Newer applications challenge the limits of standard styrene. Recent projects saw us offering batches with tailored inhibitor blends, reduced trace nitro-compounds, and customer-specified aromatic hydrocarbon profiles for next-generation composite resin or high-impact polymer customers. These requests rarely show up in traditional product listings but come from close plant-to-plant conversations—our door is always open for such collaborative development.
Trouble shooting challenges, like preventing polystyrene yellowing from trace oxidation after extended hot storage, guide our future investments. By sharing data with select customers and collaborating on dual-site trial runs, we see firsthand how incremental tweaks at the monomer level affect final production yield, surface appeal, foam structure, or mechanical strength. We measure success in fewer customer complaints, more rapid new product launches, and tangible, plant-level impact.

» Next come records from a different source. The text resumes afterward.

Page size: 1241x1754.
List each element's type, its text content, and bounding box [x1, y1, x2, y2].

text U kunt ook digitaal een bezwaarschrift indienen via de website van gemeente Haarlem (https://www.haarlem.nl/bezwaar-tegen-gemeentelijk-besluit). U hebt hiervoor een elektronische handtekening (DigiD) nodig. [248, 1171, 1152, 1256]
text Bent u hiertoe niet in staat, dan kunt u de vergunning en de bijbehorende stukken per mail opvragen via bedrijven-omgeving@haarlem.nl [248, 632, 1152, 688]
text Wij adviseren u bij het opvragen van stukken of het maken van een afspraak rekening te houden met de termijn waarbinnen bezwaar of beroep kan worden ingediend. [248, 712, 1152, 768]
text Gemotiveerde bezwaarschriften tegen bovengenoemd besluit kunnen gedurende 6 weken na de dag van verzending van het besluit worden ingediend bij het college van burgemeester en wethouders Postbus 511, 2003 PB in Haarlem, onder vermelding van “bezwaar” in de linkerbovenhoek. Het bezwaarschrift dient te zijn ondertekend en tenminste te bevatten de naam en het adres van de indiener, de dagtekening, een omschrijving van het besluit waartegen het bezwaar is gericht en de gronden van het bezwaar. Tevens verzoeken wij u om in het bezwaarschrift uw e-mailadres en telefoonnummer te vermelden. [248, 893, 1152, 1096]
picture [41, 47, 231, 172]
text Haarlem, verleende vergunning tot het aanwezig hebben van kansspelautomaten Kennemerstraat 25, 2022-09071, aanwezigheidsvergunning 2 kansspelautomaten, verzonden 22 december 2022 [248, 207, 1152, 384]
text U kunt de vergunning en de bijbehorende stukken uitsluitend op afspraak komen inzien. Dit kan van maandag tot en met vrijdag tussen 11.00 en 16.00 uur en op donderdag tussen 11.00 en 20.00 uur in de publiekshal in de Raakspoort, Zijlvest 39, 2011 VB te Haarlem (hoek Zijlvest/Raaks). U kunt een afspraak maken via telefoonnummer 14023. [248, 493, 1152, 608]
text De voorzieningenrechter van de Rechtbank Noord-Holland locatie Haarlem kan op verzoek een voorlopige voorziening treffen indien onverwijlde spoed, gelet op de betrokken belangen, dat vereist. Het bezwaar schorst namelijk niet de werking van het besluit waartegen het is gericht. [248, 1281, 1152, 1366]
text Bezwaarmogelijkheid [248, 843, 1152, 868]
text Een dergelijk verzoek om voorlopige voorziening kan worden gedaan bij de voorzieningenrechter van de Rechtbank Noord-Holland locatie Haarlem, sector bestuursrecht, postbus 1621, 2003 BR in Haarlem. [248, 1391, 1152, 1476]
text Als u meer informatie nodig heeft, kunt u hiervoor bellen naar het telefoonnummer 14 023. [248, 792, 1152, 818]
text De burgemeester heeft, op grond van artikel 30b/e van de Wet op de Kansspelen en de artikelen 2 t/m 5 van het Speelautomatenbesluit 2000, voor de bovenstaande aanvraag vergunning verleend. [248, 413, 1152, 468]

As competitors chase low prices or broader portfolios, our identity as a dedicated manufacturer brings the craft and accountability that industrial users look for. We don’t just pass along off-the-shelf commodity grades. Our process control, hands-on support, and willingness to troubleshoot side-by-side with polymerizers and resin blenders build trust across each step. Regular audits, site visits, and open book communications close the distance between raw material producer and downstream process experts.
In our facility, every tank is tracked, every load gets QC before shipping, and any customer can trace their batch back to the exact distillation date and shift team on duty. Our people know how disruptions in one line ripple through a global supply chain. That’s why so many industrial buyers, from insulation makers to automotive plastics formulators, keep partnering with us through changing markets and tighter standards.
Behind every drum, tanker, or shipload lies a team steeped in hands-on production, learning, and constant improvement. As standards for purity, traceability, and safety go up, and real-world application challenges demand more than just a product but a partnership, that depth of direct experience matters most. Styrene for industrial use from our plant is the result of thousands of lessons learned—on the line, in the lab, and across years of honest collaboration with customers who expect more than a commodity.